Alfred Thayer Mahan, a naval officer affiliated with the Naval War College in the late nineteenth and early twentieth centuries, is considered by many to be America's greatest thinker and writer on the subject of sea power, its purposes, and its applications in the real world. (See “Rear Adm. Mahan & Iraq” Part 1 and Part 2.) In recent years, he's often been misunderstood or misquoted, and then his basic theses are blithely dismissed –- to our country's detriment. I've even heard talks or read things claiming that the existence of submarines renders Mahan irrelevant, or, a sort of obverse, that Mahan's teachings in a modern context make submarines irrelevant. I was unable to follow such logic, assuming there actually was any logic. Despite frequent misinterpretations to the contrary, Mahan's central tenet never was to advocate some sort of abstract “main battle-fleet fight to the death,” where at the start of a war two enemy navies would steam toward each other in blue water and blast away until one side or the other got wiped out. What Mahan really did say was this:

1. The paramount purpose of sea power is to influence events on land.

2. A navy that will not risk casualties, i.e. won't actively seek combat in order to destroy the enemy's naval forces, is a war-loser, not a winner.

3. The best place to destroy an enemy's navy is not on the high seas, nor near your homeland's coast, but rather while the enemy fleet is still in or near its own ports and bases.

So, what Mahan was really getting at, 100 years ago, was that the way to win a war was through aggressive, proactive littoral-focused combat. A. T. Mahan was a pretty smart guy. His theories are as applicable as ever, and nuclear submarines are indeed rather relevant platforms to practice what he preached.

Subs in the Littorals -– Taiwan Strait Case Study

The above discussion hopefully creates context, dispels misnomers, and leads into the broad and fascinating topic of modern submarine operations in the littorals. The specific types of missions an SSN might be tasked with were overviewed in “Why Subs Matter Now.” What I will do next, here, for the first time in one of my Military.com essays, is provide an edited version of my e-mail response to the Veteran (non-submariner) who asked me if U.S. Navy submariners could operate in the Taiwan Strait. As I told him, I was cautious when formulating my response to avoid personal knowledge or inference that might touch upon classified matters. With that preamble, here's what I said. Note the emphasis re ongoing Silent Service culture and training:



Firstly, 100 to 200 feet while relatively shallow is definitely within the operating envelope of U.S. Navy SSNs and has been for a long time.  So-called "littoral" operations such as Indications and Warnings, SEAL deployment and recovery, minefield surveys, and Intelligence, Surveillance, & Reconnaissance (ISR) go back a long way and have occurred in some very shallow places.  Submariners practice this all the time, it does require very tricky navigation, skilled ship-control handling (ballast and trim), and judicious use of active mine-avoidance sonars mounted under the chin of the Los Angeles class and more modern SSNs.
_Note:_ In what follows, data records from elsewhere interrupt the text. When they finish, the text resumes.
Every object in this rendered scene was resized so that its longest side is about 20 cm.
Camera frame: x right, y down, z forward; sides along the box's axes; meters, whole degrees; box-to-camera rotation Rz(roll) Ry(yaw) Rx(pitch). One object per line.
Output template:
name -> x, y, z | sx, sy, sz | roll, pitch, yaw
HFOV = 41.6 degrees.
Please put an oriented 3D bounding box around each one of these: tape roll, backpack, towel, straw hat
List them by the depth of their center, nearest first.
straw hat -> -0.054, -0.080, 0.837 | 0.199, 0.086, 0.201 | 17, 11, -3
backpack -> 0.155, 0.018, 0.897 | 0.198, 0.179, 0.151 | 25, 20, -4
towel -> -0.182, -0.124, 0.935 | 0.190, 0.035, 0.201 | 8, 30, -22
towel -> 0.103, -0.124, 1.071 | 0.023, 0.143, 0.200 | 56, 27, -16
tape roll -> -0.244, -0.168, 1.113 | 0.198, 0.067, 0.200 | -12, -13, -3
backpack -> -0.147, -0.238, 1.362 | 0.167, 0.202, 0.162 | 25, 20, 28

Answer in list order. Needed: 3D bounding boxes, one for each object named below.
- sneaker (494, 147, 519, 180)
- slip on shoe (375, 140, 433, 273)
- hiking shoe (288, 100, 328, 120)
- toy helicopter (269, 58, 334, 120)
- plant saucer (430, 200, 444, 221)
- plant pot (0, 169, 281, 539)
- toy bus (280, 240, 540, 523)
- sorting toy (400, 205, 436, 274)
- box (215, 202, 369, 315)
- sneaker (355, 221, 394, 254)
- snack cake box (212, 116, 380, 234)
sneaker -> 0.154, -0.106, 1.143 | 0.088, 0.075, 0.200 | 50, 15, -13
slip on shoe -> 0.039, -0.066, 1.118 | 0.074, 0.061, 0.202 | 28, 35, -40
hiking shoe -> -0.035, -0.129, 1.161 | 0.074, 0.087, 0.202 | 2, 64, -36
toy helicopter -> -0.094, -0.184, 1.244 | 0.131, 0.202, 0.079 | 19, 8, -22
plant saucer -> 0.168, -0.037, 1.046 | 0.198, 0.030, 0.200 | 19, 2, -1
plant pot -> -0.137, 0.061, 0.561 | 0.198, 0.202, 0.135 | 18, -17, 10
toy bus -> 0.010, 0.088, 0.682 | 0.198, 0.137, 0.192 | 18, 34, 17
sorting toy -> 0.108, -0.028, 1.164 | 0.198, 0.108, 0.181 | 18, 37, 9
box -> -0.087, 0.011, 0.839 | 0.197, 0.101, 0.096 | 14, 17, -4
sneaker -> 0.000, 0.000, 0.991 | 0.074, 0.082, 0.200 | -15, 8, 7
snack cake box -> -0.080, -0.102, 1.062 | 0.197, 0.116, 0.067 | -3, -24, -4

Constant rehearsals while in pre-deployment work-up training in American waters, and a long tradition of aggressive risk-taking and a warrior mentality while penetrating "enemy" waters, are key elements of the Silent Service culture.  The Naval Submarine Base New London's Submarine School and related facilities utilize impressively detailed trainers for each SSN class ship-control station, in which missions to hostile littorals can be simulated so that relevant watchstanders get it right before the SSN even leaves her pier.  These trainers resemble the cockpit simulators used to teach and test aircraft flight crews, including the ability to pose multiple emergencies during full 3-D motion of the "ship" with an up or down angle as extreme as 45 degrees!  The dangers of broaching, or hitting the bottom, can be replicated realistically. I've been strapped into the helmsman's seat on the Seawolf trainer and let me tell you it was one wild ride!!!